Margaret Thomas’s Picture Man is an unassuming slender book, but in her search to tell the story of frontier photographer Shoki Kayamori, she takes us through so many other layers of immigration history.
Like Frank S. Matsura who ended up in Okanagon County, Washington at the turn of the century in a town with a mostly white and native population, Kayamori’s images are all that’s left to document Tlingit life and how quickly it changed for people at the turn of the century. He initially came to Alaska to work the canneries and ended up staying in a two-room shack in Yakutat near the dock below overlooking the peak of Mt. St. Elias.
Kayamori survived by his wits. Besides his camera, he hunted bear, raised and bred hunting dogs, dabbled in fox farming, ran the company store and explored the area in a boat. Part of a tight, little community he was called upon to document weddings, funerals, and the visit of dignitaries.
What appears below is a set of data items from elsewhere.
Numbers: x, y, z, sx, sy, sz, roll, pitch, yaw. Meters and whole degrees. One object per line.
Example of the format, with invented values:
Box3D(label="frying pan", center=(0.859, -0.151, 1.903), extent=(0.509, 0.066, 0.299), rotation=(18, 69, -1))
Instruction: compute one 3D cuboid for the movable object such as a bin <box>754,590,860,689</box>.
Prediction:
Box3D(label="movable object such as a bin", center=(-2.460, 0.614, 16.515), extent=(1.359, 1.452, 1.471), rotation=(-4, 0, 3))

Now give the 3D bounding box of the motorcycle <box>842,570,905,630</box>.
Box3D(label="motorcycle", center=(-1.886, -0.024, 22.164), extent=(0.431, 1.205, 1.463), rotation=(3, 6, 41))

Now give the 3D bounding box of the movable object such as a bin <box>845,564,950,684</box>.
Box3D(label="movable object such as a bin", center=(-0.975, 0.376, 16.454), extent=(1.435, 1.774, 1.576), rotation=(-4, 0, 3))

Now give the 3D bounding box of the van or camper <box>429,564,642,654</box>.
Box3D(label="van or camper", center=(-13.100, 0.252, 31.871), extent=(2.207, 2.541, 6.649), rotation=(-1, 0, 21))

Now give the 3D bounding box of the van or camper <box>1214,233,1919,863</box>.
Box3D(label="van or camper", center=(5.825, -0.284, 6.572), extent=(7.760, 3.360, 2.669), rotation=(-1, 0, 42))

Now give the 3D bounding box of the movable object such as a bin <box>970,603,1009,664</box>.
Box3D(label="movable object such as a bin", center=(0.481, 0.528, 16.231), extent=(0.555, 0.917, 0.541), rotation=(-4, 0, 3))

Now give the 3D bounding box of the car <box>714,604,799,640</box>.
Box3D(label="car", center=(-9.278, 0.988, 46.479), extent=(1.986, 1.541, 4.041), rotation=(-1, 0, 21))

Thomas digs out what she can of this man’s life but situates it in the overall history of immigration and the Northwest. She documents the Japanese Exclusion Act and Anti-Asian sentiment up and down the West Coast, describes conditions for immigrant men in the growing Japanese neighborhood in Seattle where Kayamori landed and initially lived, looks at the anti-miscegenation laws preventing inter-marriage, and documents the harsh conditions of cannery life for Asian immigrants.
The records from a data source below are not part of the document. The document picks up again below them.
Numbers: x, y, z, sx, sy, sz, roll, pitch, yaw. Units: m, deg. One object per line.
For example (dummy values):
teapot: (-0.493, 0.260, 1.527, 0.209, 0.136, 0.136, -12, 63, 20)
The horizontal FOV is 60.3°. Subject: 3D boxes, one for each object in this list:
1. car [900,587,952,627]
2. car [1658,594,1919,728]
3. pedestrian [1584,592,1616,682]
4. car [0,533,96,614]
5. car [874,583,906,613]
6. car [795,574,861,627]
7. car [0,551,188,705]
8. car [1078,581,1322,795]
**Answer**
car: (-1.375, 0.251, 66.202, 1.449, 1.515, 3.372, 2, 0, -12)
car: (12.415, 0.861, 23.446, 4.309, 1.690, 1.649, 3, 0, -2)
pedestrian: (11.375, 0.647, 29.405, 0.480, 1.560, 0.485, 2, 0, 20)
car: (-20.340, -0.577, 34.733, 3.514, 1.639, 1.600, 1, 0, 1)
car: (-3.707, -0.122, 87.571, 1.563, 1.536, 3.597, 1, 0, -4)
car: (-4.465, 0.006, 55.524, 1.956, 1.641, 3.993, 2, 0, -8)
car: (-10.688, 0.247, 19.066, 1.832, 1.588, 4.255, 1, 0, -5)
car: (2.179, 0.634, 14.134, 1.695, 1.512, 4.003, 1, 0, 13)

After the bombing of Pearl Harbor, anti-Japanese sentiment reached a fever pitch up and down the West Coast, even in the small village of Yakutat. Soldiers there beat up the 64-year-old man, stealing the change from his pockets. At a town meeting called after Pearl Harbor, residents noticed Kayamori’s absence. Carrying lanterns through the snow to the house on the hill, they found him dressed in a Japanese navy uniform, dead by his own hand.
This book published under the Snowy Owl imprint by the University of Alaska Press not only tells the story of one man but gives us the history of a country in the throes of growth, industrialization, and not always hospitable to the many immigrants who helped shape its destiny.